You are viewing a plain text version of this content. The canonical link for it is here.
Posted to java-user@lucene.apache.org by Rajesh Munavalli <fi...@gmail.com> on 2006/03/03 16:18:17 UTC

Query filter and span query

I am not sure if a Query Filter would reduce the retrieval time in the
following scenario. The idea is to retrieve top N documents where the query
terms appear near one another within a document.

Let

A = Total number of query terms

B = Subset of A where

Number of Query terms(B) << Number of Query terms(A)

C = Pairs of terms in B

But I make sure that the pair selection results in, the Number of term
pairs(C) = Number of query terms(B)

I need to retrieve the documents by formulating the query as

BooleanQuery(TermQuery(A) OR SpanNearQuery(C))

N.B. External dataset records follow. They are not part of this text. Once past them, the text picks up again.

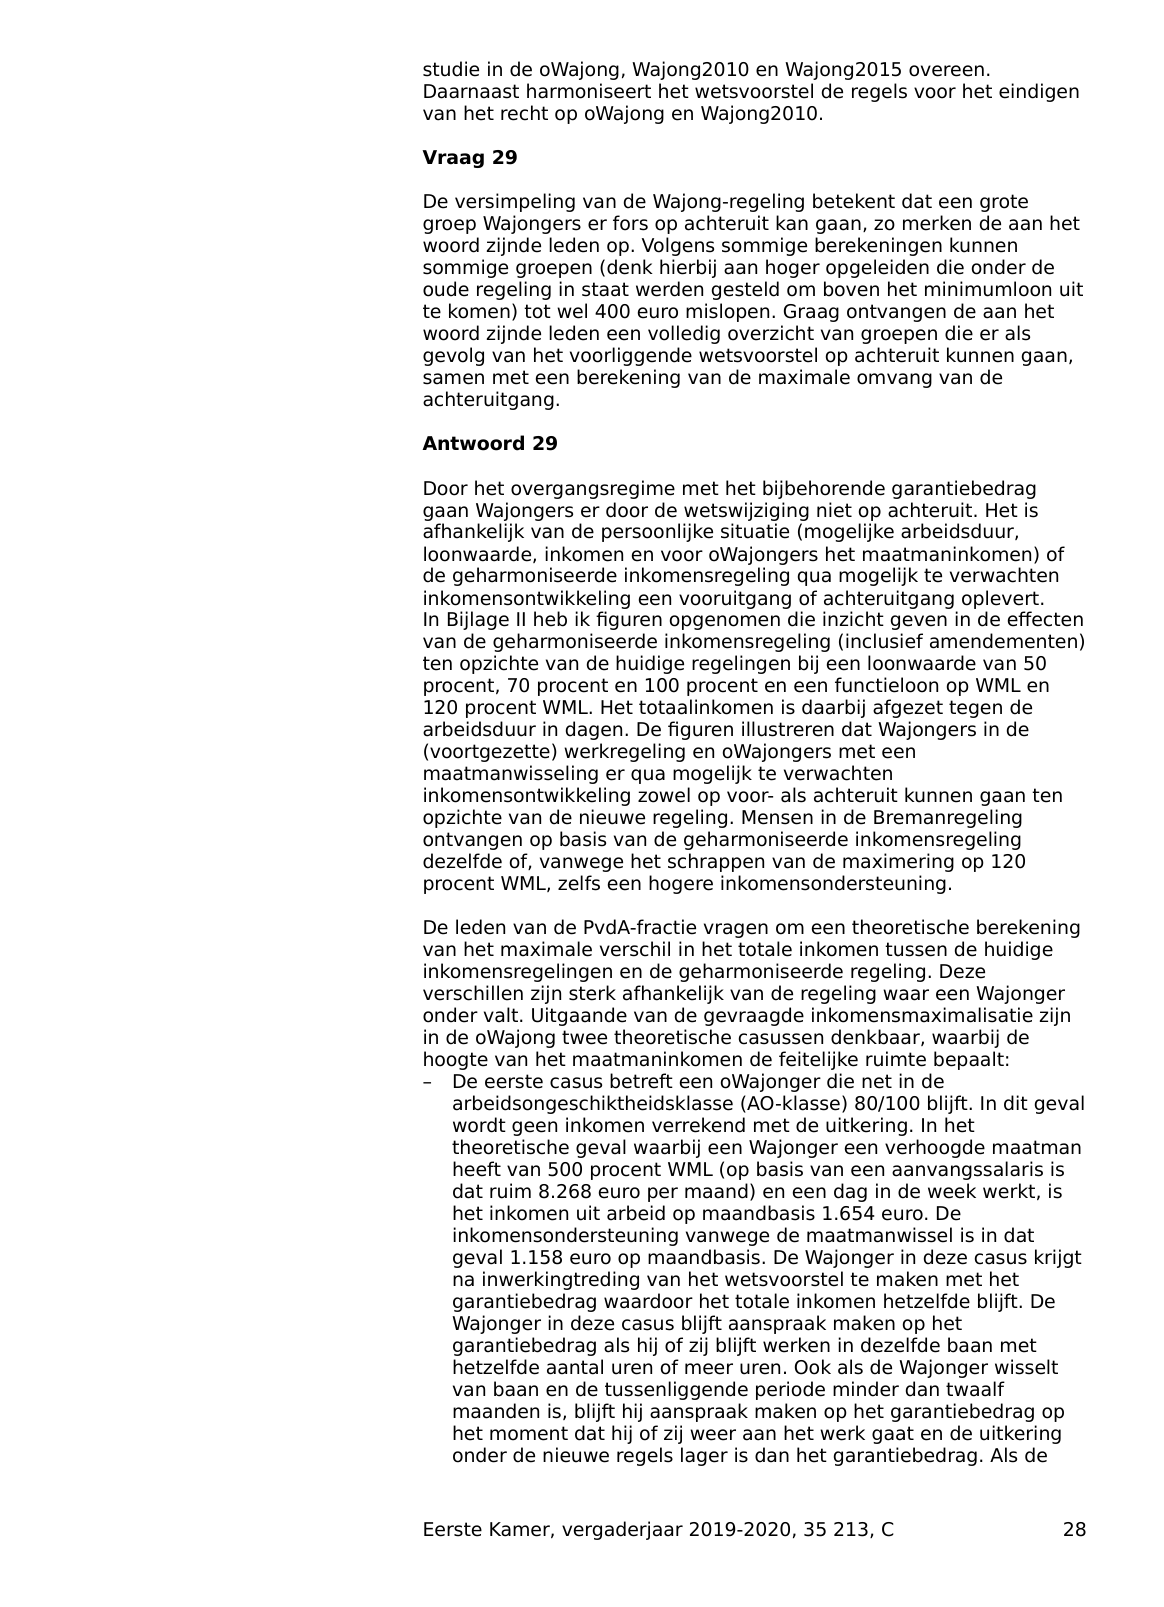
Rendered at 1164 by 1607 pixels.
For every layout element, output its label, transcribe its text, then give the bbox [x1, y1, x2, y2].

subtitle Antwoord 29 [422, 433, 1087, 455]
text De versimpeling van de Wajong-regeling betekent dat een grote groep Wajongers er fors op achteruit kan gaan, zo merken de aan het woord zijnde leden op. Volgens sommige berekeningen kunnen sommige groepen (denk hierbij aan hoger opgeleiden die onder de oude regeling in staat werden gesteld om boven het minimumloon uit te komen) tot wel 400 euro mislopen. Graag ontvangen de aan het woord zijnde leden een volledig overzicht van groepen die er als gevolg van het voorliggende wetsvoorstel op achteruit kunnen gaan, samen met een berekening van de maximale omvang van de achteruitgang. [422, 191, 1087, 411]
text De leden van de PvdA-fractie vragen om een theoretische berekening van het maximale verschil in het totale inkomen tussen de huidige inkomensregelingen en de geharmoniseerde regeling. Deze verschillen zijn sterk afhankelijk van de regeling waar een Wajonger onder valt. Uitgaande van de gevraagde inkomensmaximalisatie zijn in de oWajong twee theoretische casussen denkbaar, waarbij de hoogte van het maatmaninkomen de feitelijke ruimte bepaalt: [422, 917, 1087, 1071]
text In Bijlage II heb ik figuren opgenomen die inzicht geven in de effecten van de geharmoniseerde inkomensregeling (inclusief amendementen) ten opzichte van de huidige regelingen bij een loonwaarde van 50 procent, 70 procent en 100 procent en een functieloon op WML en 120 procent WML. Het totaalinkomen is daarbij afgezet tegen de arbeidsduur in dagen. De figuren illustreren dat Wajongers in de (voortgezette) werkregeling en oWajongers met een maatmanwisseling er qua mogelijk te verwachten inkomensontwikkeling zowel op voor- als achteruit kunnen gaan ten opzichte van de nieuwe regeling. Mensen in de Bremanregeling ontvangen op basis van de geharmoniseerde inkomensregeling dezelfde of, vanwege het schrappen van de maximering op 120 procent WML, zelfs een hogere inkomensondersteuning. [422, 609, 1087, 895]
subtitle Vraag 29 [422, 147, 1087, 169]
text – De eerste casus betreft een oWajonger die net in de arbeidsongeschiktheidsklasse (AO-klasse) 80/100 blijft. In dit geval wordt geen inkomen verrekend met de uitkering. In het theoretische geval waarbij een Wajonger een verhoogde maatman heeft van 500 procent WML (op basis van een aanvangssalaris is dat ruim 8.268 euro per maand) en een dag in de week werkt, is het inkomen uit arbeid op maandbasis 1.654 euro. De inkomensondersteuning vanwege de maatmanwissel is in dat geval 1.158 euro op maandbasis. De Wajonger in deze casus krijgt na inwerkingtreding van het wetsvoorstel te maken met het garantiebedrag waardoor het totale inkomen hetzelfde blijft. De Wajonger in deze casus blijft aanspraak maken op het garantiebedrag als hij of zij blijft werken in dezelfde baan met hetzelfde aantal uren of meer uren. Ook als de Wajonger wisselt van baan en de tussenliggende periode minder dan twaalf maanden is, blijft hij aanspraak maken op het garantiebedrag op het moment dat hij of zij weer aan het werk gaat en de uitkering onder de nieuwe regels lager is dan het garantiebedrag. Als de [422, 1071, 1087, 1467]
text Door het overgangsregime met het bijbehorende garantiebedrag gaan Wajongers er door de wetswijziging niet op achteruit. Het is afhankelijk van de persoonlijke situatie (mogelijke arbeidsduur, loonwaarde, inkomen en voor oWajongers het maatmaninkomen) of de geharmoniseerde inkomensregeling qua mogelijk te verwachten inkomensontwikkeling een vooruitgang of achteruitgang oplevert. [422, 477, 1087, 609]
text studie in de oWajong, Wajong2010 en Wajong2015 overeen. Daarnaast harmoniseert het wetsvoorstel de regels voor het eindigen van het recht op oWajong en Wajong2010. [422, 59, 1087, 125]

Option 1: BooleanQuery(TermQuery(A) OR SpanNearQuery(C))

Option 2:

Step1: BooleanQuery(TermQuery(A))

Step2: Use a query filter top N documents. The number of documents N is much
less compared to the entire document collection.

Step3: SpanNearQuery(C) on those top N documents
Since Span queries are slower. Considering the fact that the number of
documents N would be much less than the total number of documents in the
index, is it better to query them on reduced number of N documents as in
Option 2?

Thanks,

Rajesh Munavalli